Shallow
['ʃæləʊ] or ['ʃælo]
Definition
(verb.) become shallow; 'the lake shallowed over time'.
(verb.) make shallow; 'The silt shallowed the canal'.
(adj.) lacking physical depth; having little spatial extension downward or inward from an outer surface or backward or outward from a center; 'shallow water'; 'a shallow dish'; 'a shallow cut'; 'a shallow closet'; 'established a shallow beachhead'; 'hit the ball to shallow left field' .
(adj.) not deep or strong; not affecting one deeply; 'shallow breathing'; 'a night of shallow fretful sleep'; 'in a shallow trance' .
(adj.) lacking depth of intellect or knowledge; concerned only with what is obvious; 'shallow people'; 'his arguments seemed shallow and tedious' .
Typed by Jody--From WordNet
Definition
(superl.) Not deep; having little depth; shoal.
(superl.) Not deep in tone.
(superl.) Not intellectually deep; not profound; not penetrating deeply; simple; not wise or knowing; ignorant; superficial; as, a shallow mind; shallow learning.
(n.) A place in a body of water where the water is not deep; a shoal; a flat; a shelf.
(n.) The rudd.
(v. t.) To make shallow.
(v. i.) To become shallow, as water.
Inputed by Heinrich
Synonyms and Synonymous
a. [1]. Shoal, not deep.[2]. Superficial, unintelligent, simple, ignorant, not profound.[3]. Flimsy, trivial, frivolous, trifling, foolish, puerile, trashy.

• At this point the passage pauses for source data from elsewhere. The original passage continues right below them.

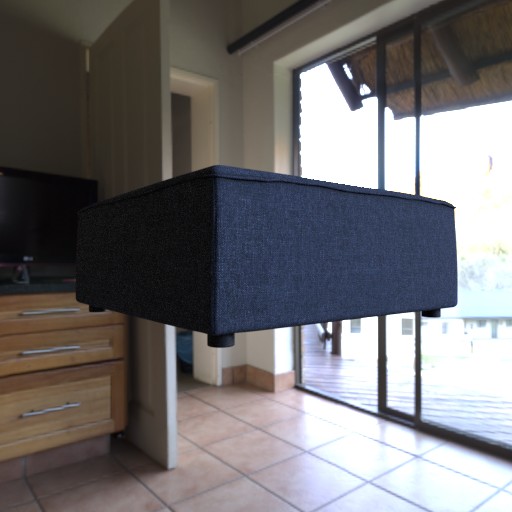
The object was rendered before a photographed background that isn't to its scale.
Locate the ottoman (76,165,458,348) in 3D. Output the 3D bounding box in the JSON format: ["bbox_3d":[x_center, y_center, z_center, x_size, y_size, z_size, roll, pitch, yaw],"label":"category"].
[{"bbox_3d":[0.000,0.000,1.617,1.017,0.423,1.023,1,-1,-37],"label":"ottoman"}]
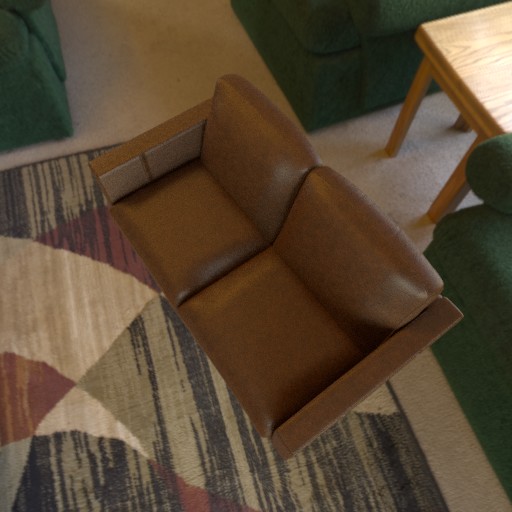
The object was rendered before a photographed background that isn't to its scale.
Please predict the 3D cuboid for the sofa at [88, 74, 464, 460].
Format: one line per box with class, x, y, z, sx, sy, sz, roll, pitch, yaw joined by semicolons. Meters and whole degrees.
sofa;0.000;0.000;2.110;0.909;0.951;1.578;-33;68;-15
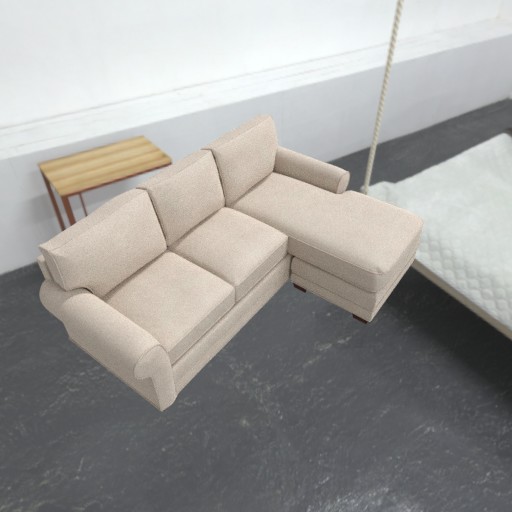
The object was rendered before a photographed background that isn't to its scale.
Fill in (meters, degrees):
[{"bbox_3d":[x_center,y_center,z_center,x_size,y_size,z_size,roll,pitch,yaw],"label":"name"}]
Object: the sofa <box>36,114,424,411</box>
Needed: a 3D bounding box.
[{"bbox_3d":[0.000,0.000,2.309,1.226,0.734,1.770,27,49,26],"label":"sofa"}]
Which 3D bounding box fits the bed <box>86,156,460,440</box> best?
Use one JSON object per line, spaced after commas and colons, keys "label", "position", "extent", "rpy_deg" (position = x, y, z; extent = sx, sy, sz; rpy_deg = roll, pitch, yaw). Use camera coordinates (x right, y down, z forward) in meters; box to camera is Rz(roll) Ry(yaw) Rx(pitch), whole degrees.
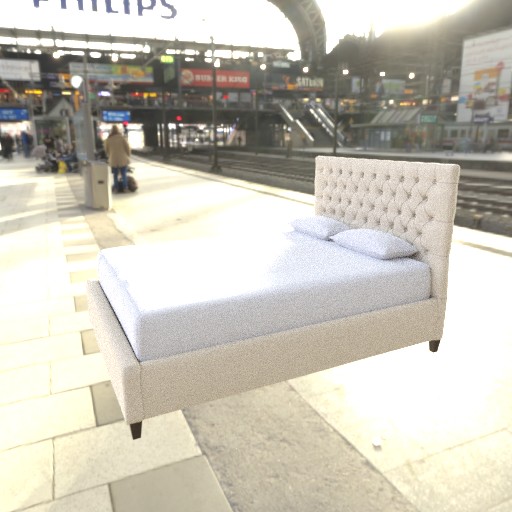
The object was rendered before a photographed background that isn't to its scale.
{"label": "bed", "position": [0.000, 0.000, 3.451], "extent": [2.387, 1.427, 1.698], "rpy_deg": [-7, 17, -26]}

n. Shoal, flat, shelf, bank.
Typed by Eugenia
Synonyms and Antonyms
SYN:Shoal, slight, flimsy, trifling, simple, superficial, unprofound
ANT:Deep, profound
Checker: Luther
Definition
n. a sandbank: a place over which the water is not deep: a shoal.—adj. not deep: not profound: not wise: trifling.—v.t. to make shallow.—v.i. to grow shallow.—adjs. Shall′ow-brained -pā′ted weak in intellect; Shall′ow-heart′ed not capable of deep feelings.—adv. Shall′owly (Shak.) simply foolishly.—n. Shall′owness.
Checker: Rowena
Examples
- You perceive several places where it has passed across and obliterated the more shallow mark of the front one. Arthur Conan Doyle. The Return of Sherlock Holmes.
- There were trees along both sides of the road and through the right line of trees I saw the river, the water clear, fast and shallow. Ernest Hemingway. A Farewell To Arms.
- There is no fruition in their vacant kindness, and sharp rocks lurk beneath the smiling ripples of these shallow waters. Mary Shelley. The Last Man.
- It was like a shallow pot lying among the stone and snow of the upper world. D. H. Lawrence. Women in Love .
- On the farther bank from me the trees rose thickly again, and shut out the view, and cast their black shadows on the sluggish, shallow water. Wilkie Collins. The Woman in White.
- As soon as Venn found his feet dragging over the pebbles of the shallower part below he secured his footing and waded towards the brink. Thomas Hardy. The Return of the Native.
- Two other piers, at a distance, on each side, of 460 feet, were built without much difficulty in shallower water, and between these and the masonry on each side was a distance of 230 feet. Frederick C. Bakewell. Great Facts.
- For he is, by heaven, the most self-satisfied, and the shallowest, and the most coxcombical and utterly brainless ass! Charles Dickens. Bleak House.
- Between the deepest and shallowest it appears to be somewhat more than one fifth. Benjamin Franklin. Memoirs of Benjamin Franklin.